Starting at the first line of the data below, write out each line exactly until you reach the line containing "rotation=(roll, pitch, yaw))", and include that line too.

==== Available data ====

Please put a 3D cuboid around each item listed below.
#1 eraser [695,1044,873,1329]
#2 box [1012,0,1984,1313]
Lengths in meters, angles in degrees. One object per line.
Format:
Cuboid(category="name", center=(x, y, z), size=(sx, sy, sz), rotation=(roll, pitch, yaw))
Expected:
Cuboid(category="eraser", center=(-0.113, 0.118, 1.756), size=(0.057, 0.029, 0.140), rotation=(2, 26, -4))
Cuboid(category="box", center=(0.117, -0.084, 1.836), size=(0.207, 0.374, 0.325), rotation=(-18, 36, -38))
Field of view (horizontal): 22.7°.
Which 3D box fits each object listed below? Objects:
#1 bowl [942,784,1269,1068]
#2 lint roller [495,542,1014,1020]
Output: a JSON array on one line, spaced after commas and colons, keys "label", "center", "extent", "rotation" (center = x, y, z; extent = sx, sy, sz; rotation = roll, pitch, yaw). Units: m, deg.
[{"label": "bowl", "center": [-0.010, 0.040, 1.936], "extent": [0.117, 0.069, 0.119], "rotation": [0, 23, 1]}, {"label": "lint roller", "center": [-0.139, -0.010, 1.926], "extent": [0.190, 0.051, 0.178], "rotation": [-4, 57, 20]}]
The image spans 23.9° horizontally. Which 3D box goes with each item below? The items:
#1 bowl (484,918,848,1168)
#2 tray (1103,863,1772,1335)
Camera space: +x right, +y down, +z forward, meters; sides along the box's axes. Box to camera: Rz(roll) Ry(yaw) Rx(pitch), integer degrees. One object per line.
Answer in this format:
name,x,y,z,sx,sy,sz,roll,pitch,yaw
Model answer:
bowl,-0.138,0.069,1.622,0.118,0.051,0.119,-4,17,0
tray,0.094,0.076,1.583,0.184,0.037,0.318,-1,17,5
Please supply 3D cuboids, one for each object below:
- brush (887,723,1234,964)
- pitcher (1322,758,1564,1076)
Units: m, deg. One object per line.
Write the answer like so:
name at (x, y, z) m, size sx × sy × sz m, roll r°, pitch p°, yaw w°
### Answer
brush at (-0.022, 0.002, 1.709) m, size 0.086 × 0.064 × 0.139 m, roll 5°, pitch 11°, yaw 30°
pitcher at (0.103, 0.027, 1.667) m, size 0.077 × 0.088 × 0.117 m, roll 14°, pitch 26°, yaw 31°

====

**Answer box**:
Please put a 3D cuboid around each item listed below.
#1 eraser [695,1044,873,1329]
#2 box [1012,0,1984,1313]
Lengths in meters, angles in degrees. One object per line.
Format:
Cuboid(category="name", center=(x, y, z), size=(sx, sy, sz), rotation=(roll, pitch, yaw))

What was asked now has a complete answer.